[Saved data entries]
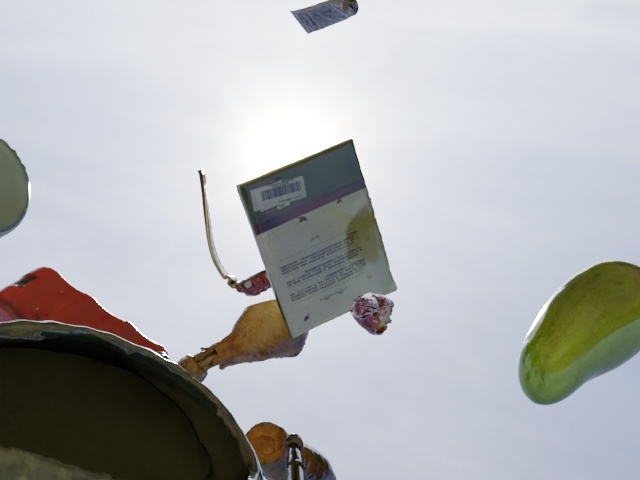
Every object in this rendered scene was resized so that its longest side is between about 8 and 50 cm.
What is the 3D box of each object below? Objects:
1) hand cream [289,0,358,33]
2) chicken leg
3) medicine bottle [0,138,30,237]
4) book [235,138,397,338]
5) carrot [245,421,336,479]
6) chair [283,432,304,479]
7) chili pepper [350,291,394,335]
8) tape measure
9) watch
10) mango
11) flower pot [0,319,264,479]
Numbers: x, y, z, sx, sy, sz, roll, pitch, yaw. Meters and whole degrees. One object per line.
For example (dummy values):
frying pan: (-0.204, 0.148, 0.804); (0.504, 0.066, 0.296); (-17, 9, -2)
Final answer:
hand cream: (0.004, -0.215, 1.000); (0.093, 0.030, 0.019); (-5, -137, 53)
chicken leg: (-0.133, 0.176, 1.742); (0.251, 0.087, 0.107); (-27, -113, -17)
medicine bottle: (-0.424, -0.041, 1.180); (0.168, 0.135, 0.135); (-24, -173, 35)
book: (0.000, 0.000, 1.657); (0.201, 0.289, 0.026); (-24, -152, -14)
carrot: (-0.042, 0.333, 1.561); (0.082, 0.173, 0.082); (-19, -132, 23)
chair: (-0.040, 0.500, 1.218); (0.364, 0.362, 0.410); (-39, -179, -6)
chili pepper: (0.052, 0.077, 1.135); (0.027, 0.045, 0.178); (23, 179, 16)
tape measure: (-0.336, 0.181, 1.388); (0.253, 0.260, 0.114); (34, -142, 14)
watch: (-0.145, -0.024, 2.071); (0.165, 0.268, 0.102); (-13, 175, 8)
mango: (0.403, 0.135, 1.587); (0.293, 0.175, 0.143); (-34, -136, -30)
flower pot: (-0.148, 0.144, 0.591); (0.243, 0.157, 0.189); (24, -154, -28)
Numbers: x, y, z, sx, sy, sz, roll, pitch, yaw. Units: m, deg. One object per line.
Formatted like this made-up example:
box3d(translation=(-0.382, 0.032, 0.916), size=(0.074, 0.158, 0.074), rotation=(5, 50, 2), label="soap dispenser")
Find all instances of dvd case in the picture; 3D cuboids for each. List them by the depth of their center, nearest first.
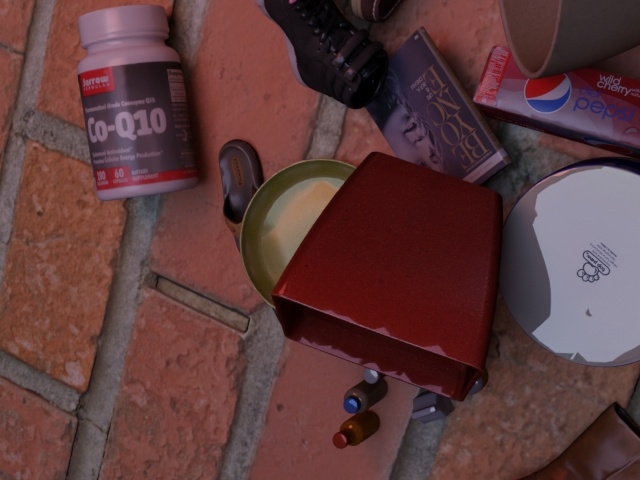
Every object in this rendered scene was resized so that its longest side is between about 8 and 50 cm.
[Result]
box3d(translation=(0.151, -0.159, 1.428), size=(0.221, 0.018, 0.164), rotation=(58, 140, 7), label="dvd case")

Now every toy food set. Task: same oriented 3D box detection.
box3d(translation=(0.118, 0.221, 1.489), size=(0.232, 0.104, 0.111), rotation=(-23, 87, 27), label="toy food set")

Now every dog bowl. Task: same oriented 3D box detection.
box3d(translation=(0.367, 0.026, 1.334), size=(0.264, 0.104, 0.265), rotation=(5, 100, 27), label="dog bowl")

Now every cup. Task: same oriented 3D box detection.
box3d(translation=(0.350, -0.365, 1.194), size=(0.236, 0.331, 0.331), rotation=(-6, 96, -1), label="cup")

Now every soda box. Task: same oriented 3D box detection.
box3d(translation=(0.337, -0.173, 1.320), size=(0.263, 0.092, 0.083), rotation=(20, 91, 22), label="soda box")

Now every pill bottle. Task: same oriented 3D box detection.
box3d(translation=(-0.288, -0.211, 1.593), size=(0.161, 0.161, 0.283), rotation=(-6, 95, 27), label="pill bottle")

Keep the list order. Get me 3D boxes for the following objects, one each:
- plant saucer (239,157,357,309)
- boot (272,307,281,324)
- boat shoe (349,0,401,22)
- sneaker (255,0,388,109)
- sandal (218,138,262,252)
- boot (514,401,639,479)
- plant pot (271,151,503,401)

• _Task directions_
A word-for-word copy of the data above is needed, one that omits the pictures.

• _Your solution_
Every object in this rendered scene was resized so that its longest side is between about 8 and 50 cm.
What is the 3D box of each object below? Objects:
1) hand cream [289,0,358,33]
2) chicken leg
3) medicine bottle [0,138,30,237]
4) book [235,138,397,338]
5) carrot [245,421,336,479]
6) chair [283,432,304,479]
7) chili pepper [350,291,394,335]
8) tape measure
9) watch
10) mango
11) flower pot [0,319,264,479]
Numbers: x, y, z, sx, sy, sz, roll, pitch, yaw. Meters and whole degrees. One object per line.
For example (dummy values):
frying pan: (-0.204, 0.148, 0.804); (0.504, 0.066, 0.296); (-17, 9, -2)
Final answer:
hand cream: (0.004, -0.215, 1.000); (0.093, 0.030, 0.019); (-5, -137, 53)
chicken leg: (-0.133, 0.176, 1.742); (0.251, 0.087, 0.107); (-27, -113, -17)
medicine bottle: (-0.424, -0.041, 1.180); (0.168, 0.135, 0.135); (-24, -173, 35)
book: (0.000, 0.000, 1.657); (0.201, 0.289, 0.026); (-24, -152, -14)
carrot: (-0.042, 0.333, 1.561); (0.082, 0.173, 0.082); (-19, -132, 23)
chair: (-0.040, 0.500, 1.218); (0.364, 0.362, 0.410); (-39, -179, -6)
chili pepper: (0.052, 0.077, 1.135); (0.027, 0.045, 0.178); (23, 179, 16)
tape measure: (-0.336, 0.181, 1.388); (0.253, 0.260, 0.114); (34, -142, 14)
watch: (-0.145, -0.024, 2.071); (0.165, 0.268, 0.102); (-13, 175, 8)
mango: (0.403, 0.135, 1.587); (0.293, 0.175, 0.143); (-34, -136, -30)
flower pot: (-0.148, 0.144, 0.591); (0.243, 0.157, 0.189); (24, -154, -28)
Numbers: x, y, z, sx, sy, sz, roll, pitch, yaw. Units: m, deg. One object per line.
Formatted like this made-up example:
box3d(translation=(-0.382, 0.032, 0.916), size=(0.074, 0.158, 0.074), rotation=(5, 50, 2), label="soap dispenser")
Find all instances of dvd case in the picture; 3D cuboids for each. List them by the depth of their center, nearest first.
Every object in this rendered scene was resized so that its longest side is between about 8 and 50 cm.
[Result]
box3d(translation=(0.151, -0.159, 1.428), size=(0.221, 0.018, 0.164), rotation=(58, 140, 7), label="dvd case")

Now every toy food set. Task: same oriented 3D box detection.
box3d(translation=(0.118, 0.221, 1.489), size=(0.232, 0.104, 0.111), rotation=(-23, 87, 27), label="toy food set")

Now every dog bowl. Task: same oriented 3D box detection.
box3d(translation=(0.367, 0.026, 1.334), size=(0.264, 0.104, 0.265), rotation=(5, 100, 27), label="dog bowl")

Now every cup. Task: same oriented 3D box detection.
box3d(translation=(0.350, -0.365, 1.194), size=(0.236, 0.331, 0.331), rotation=(-6, 96, -1), label="cup")

Now every soda box. Task: same oriented 3D box detection.
box3d(translation=(0.337, -0.173, 1.320), size=(0.263, 0.092, 0.083), rotation=(20, 91, 22), label="soda box")

Now every pill bottle. Task: same oriented 3D box detection.
box3d(translation=(-0.288, -0.211, 1.593), size=(0.161, 0.161, 0.283), rotation=(-6, 95, 27), label="pill bottle")

Keep the list order. Get me 3D boxes for the following objects, one each:
- plant saucer (239,157,357,309)
- boot (272,307,281,324)
- boat shoe (349,0,401,22)
- sneaker (255,0,388,109)
- sandal (218,138,262,252)
- boot (514,401,639,479)
- plant pot (271,151,503,401)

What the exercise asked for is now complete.